What I'd build first
If you are starting a new TypeScript agent project today and have not picked a framework, I would advise this sequence:
- Build the first three weeks graph-first in Mastra workflows. It is the cleanest TypeScript graph DSL right now and gets you to running in the least surface area.
- When you find that you are spending most of your time editing the graph rather than the agent prompts, that is the signal your task shape is varying. Try the same task in open-multi-agent with a goal sentence and see whether the coordinator's plan matches what you would have written.
- If the coordinator plan is consistently good, switch your prototype to goal-first. If it is consistently off, you are in graph-first territory and you have just saved yourself a six-month detour.
None of this is provably right; it is what I would tell a friend. The frameworks are not enemies, and which paradigm fits your work matters more than which one wins a feature checklist. Pick the paradigm, and the framework choice mostly follows.
About open-multi-agent. TypeScript-native multi-agent orchestration framework, MIT-licensed. Goal-first by design, with a coordinator pattern that decomposes a sentence-level goal into a parallel task DAG at runtime. Three runtime dependencies (@anthropic-ai/sdk, openai, zod). The TypeScript-ecosystem answer to CrewAI's role/goal/crew pattern.
Repo: https://github.com/open-multi-agent/open-multi-agent. Coordinator implementation: src/orchestrator/orchestrator.ts.
Related posts.
- 5 Walls Multi-Agent Frameworks Hit: the empirical companion to this taxonomy. One TypeScript framework's year-long migration from LLM-driven routing to a supervisor tree, traced through its issue tracker, is the production evidence behind the goal-first / graph-first split.
Top comments (3)
Exceptional breakdown, Jack. Your distinction between the rigid predictability of explicit graphs and the 'local chaos' of unconstrained goal-driven orchestration hits the exact nerve center of modern agent architecture.
When applications rely entirely on probabilistic routing, they are essentially gambling on an LLM's ability to act as a runtime interpreter, state machine, and edge router simultaneously. As you brilliantly pointed out, the hidden Prose Tax on those recursive tool-evaluation turns is staggering—not just financially, but in the geometric decay of the model's remaining attention span as the session loops.

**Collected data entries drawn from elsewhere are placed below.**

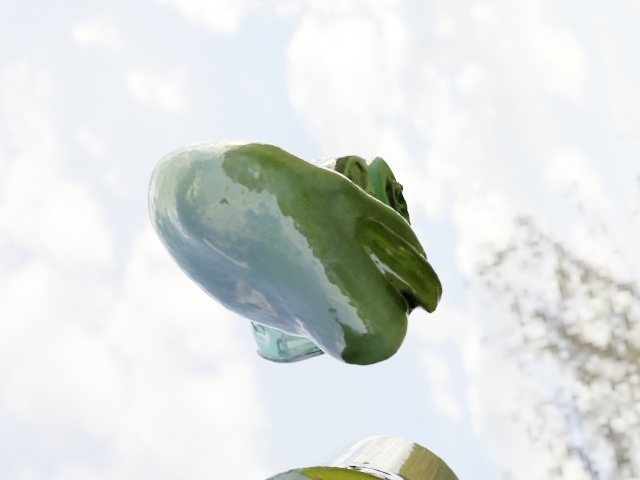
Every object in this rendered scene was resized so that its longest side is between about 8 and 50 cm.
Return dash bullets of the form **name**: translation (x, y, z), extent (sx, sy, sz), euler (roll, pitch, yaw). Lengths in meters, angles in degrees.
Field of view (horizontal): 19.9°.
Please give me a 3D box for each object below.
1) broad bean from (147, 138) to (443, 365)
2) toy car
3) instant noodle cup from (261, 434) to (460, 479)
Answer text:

Forcing agents into deterministic graph boundaries isn't a restriction of their utility; it’s an absolute requirement for enterprise stability. If the orchestrator doesn't enforce strict state boundaries, you don't have an architecture—you just have an expensive token-burning machine.

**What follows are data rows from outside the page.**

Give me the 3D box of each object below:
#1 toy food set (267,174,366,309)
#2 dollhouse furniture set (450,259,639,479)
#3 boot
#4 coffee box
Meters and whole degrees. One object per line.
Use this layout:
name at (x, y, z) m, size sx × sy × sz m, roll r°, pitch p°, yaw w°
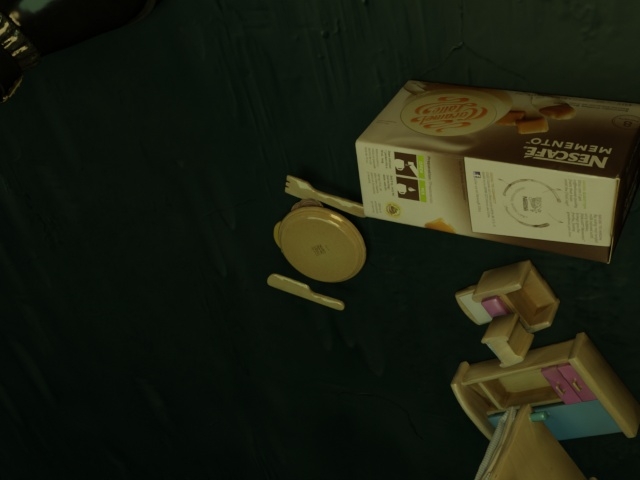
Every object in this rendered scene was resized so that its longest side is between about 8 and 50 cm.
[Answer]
toy food set at (0.000, 0.000, 1.068) m, size 0.133 × 0.038 × 0.192 m, roll 21°, pitch 131°, yaw 8°
dollhouse furniture set at (0.200, 0.242, 0.939) m, size 0.198 × 0.303 × 0.286 m, roll -26°, pitch 110°, yaw 45°
boot at (-0.356, -0.234, 0.924) m, size 0.348 × 0.260 × 0.131 m, roll -7°, pitch 128°, yaw 40°
coffee box at (0.178, -0.076, 0.790) m, size 0.247 × 0.141 × 0.098 m, roll 13°, pitch 132°, yaw 27°

I'm excited to see this framework taxonomy out in the wild. It gives developers a clear, rigorous vocabulary to evaluate where they are actually burning their token budget.
Where that bites hardest in goal-first is the synthesis turn: the coordinator re-reads every task's output at the end to assemble the answer, so it eats the full accumulated context in one shot. That is where the attention-span decay you described turns into actual quality loss, not just spend.

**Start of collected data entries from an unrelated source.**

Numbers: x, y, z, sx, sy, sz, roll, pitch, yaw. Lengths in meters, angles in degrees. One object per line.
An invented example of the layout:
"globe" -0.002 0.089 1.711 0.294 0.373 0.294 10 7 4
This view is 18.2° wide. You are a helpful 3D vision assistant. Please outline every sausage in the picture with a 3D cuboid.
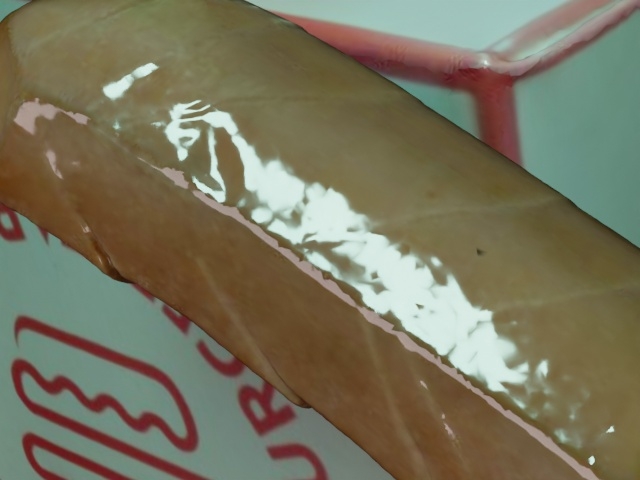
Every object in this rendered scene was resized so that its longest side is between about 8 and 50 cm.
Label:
"sausage" 0.000 0.000 0.382 0.169 0.065 0.065 35 141 16

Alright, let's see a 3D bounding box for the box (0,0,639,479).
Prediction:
"box" 0.049 0.004 0.631 0.314 0.300 0.312 17 129 43

That synthesis turn is exactly where the 'Ambient Context Fluidity' anti-pattern transforms from an abstract architectural flaw into a broken user experience.
When the coordinator attempts to ingest every task output simultaneously to assemble a final response, it forces the model's attention mechanism to reason over a massive, unoptimized data dump. Because the model's focus fractures across the middle of that bloated window, it routinely drops critical task parameters or misses subtle validation failures.
It proves your point perfectly: without explicit graph boundaries or a structured reasoning ledger to compress those intermediate states out of band, goal-first systems inevitably degrade in reasoning fidelity. It isn't just an expensive way to burn tokens; it's a structural barrier to reliability.